▶ **YOUR TASK**: Please return each entry that follows exactly as written, and keep the pictures out.

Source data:
☆ ☆ ☆ ☆ ☆
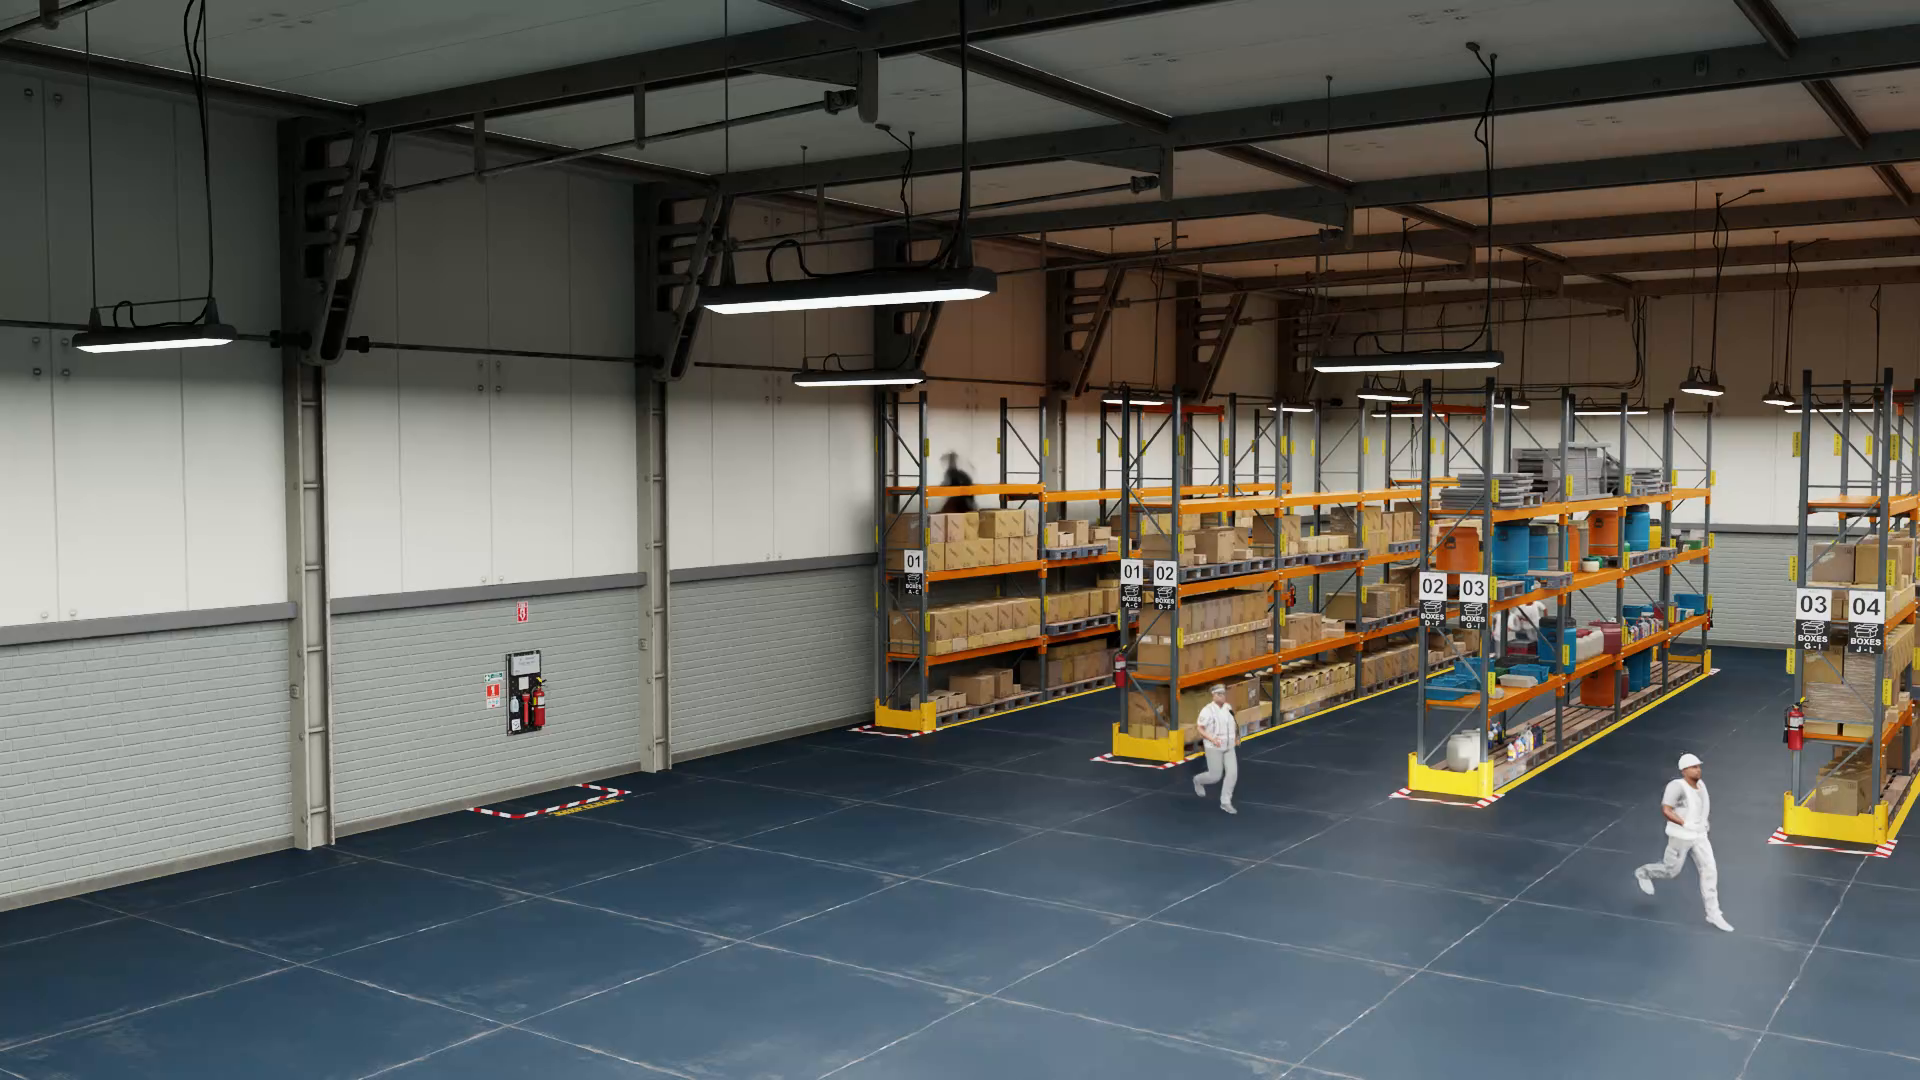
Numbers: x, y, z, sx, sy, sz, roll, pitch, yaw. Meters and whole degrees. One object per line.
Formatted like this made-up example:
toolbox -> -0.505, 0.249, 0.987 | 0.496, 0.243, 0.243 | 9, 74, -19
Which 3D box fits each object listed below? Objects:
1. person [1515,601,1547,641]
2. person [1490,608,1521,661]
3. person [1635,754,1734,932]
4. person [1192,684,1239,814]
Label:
person -> 13.202, 2.014, 38.392 | 0.757, 1.736, 0.668 | 1, 3, 24
person -> 11.538, 2.168, 35.211 | 0.624, 1.834, 0.759 | 1, 3, 18
person -> 7.669, 3.149, 17.626 | 0.649, 1.777, 1.150 | -1, 3, -24
person -> 3.581, 2.862, 23.059 | 0.673, 1.771, 0.829 | -2, 4, -28
☆ ☆ ☆ ☆ ☆
▶ **RESULT OF THE EXERCISE**:
Numbers: x, y, z, sx, sy, sz, roll, pitch, yaw. Meters and whole degrees. One object per line.
Formatted like this made-up example:
toolbox -> -0.505, 0.249, 0.987 | 0.496, 0.243, 0.243 | 9, 74, -19
Which 3D box fits each object listed below? Objects:
1. person [1515,601,1547,641]
2. person [1490,608,1521,661]
3. person [1635,754,1734,932]
4. person [1192,684,1239,814]
Label:
person -> 13.202, 2.014, 38.392 | 0.757, 1.736, 0.668 | 1, 3, 24
person -> 11.538, 2.168, 35.211 | 0.624, 1.834, 0.759 | 1, 3, 18
person -> 7.669, 3.149, 17.626 | 0.649, 1.777, 1.150 | -1, 3, -24
person -> 3.581, 2.862, 23.059 | 0.673, 1.771, 0.829 | -2, 4, -28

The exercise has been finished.